A preoccuparmi molto c’è il grave problema del cibo. Insieme ad un gruppo di amici ho comprati una fattoria, con l’idea un po’ folle di trasformarla in un centro culturale, educativo e di ricerca sulla questione del cibo. L’ingegneria genetica non è altro che la punta dell’iceberg. Anzi, non c’entra. Il problema è che il cibo che mangiamo oggi è chimicamente diverso da quello di dieci o vent’anni fa. Se facciamo un elenco delle sostanze chimiche presenti oggi in una mela, e tracciamo un grafico, servono tre pagine; per una mela del passato, cinque pagine. La mela nuova richiede solo tre pagine a causa delle sostanze pesticide ed erbicide, oltre che delle caratteristiche del terreno e dei metodi di coltivazione. Il nostro cibo ha perso tutta una serie di elementi. Il problema non sono solo i veleni, le tossine, l’inquinamento. Mancano delle sostanze. Attualmente non troviamo più negli animali acidi grassi essenziali di cui abbiamo bisogno, e la gente avveduta, che se lo può permettere, come me, va a comprarsi i necessari omega-3 da aggiungere alla propria dieta.

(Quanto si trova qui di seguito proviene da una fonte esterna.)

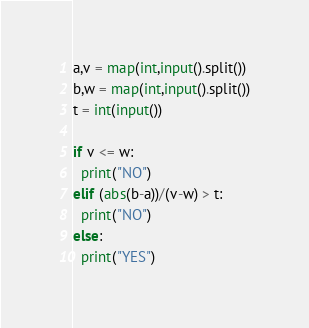<code> <loc_0><loc_0><loc_500><loc_500><_Python_>a,v = map(int,input().split())
b,w = map(int,input().split())
t = int(input())

if v <= w:
  print("NO")
elif (abs(b-a))/(v-w) > t:
  print("NO")
else:
  print("YES")</code>

Ma a lungo andare cosa succederà? Ho cresciuto tre figli, con una differenza d’età di nove anni. Sono convinta che il loro cervello subisca dei cambiamenti che non sono solo culturali, ma che hanno a che vedere con la loro dieta, con ciò che mangiano o non mangiano. È facile pensare ad un inverno nucleare o cose di questo genere. Ma prima ancora, credo che tra una cinquantina d’anni, per come stanno andando le cose, il nostro quoziente intellettivo scenderà sotto a 60, e la gente non se ne accorgerà nemmeno.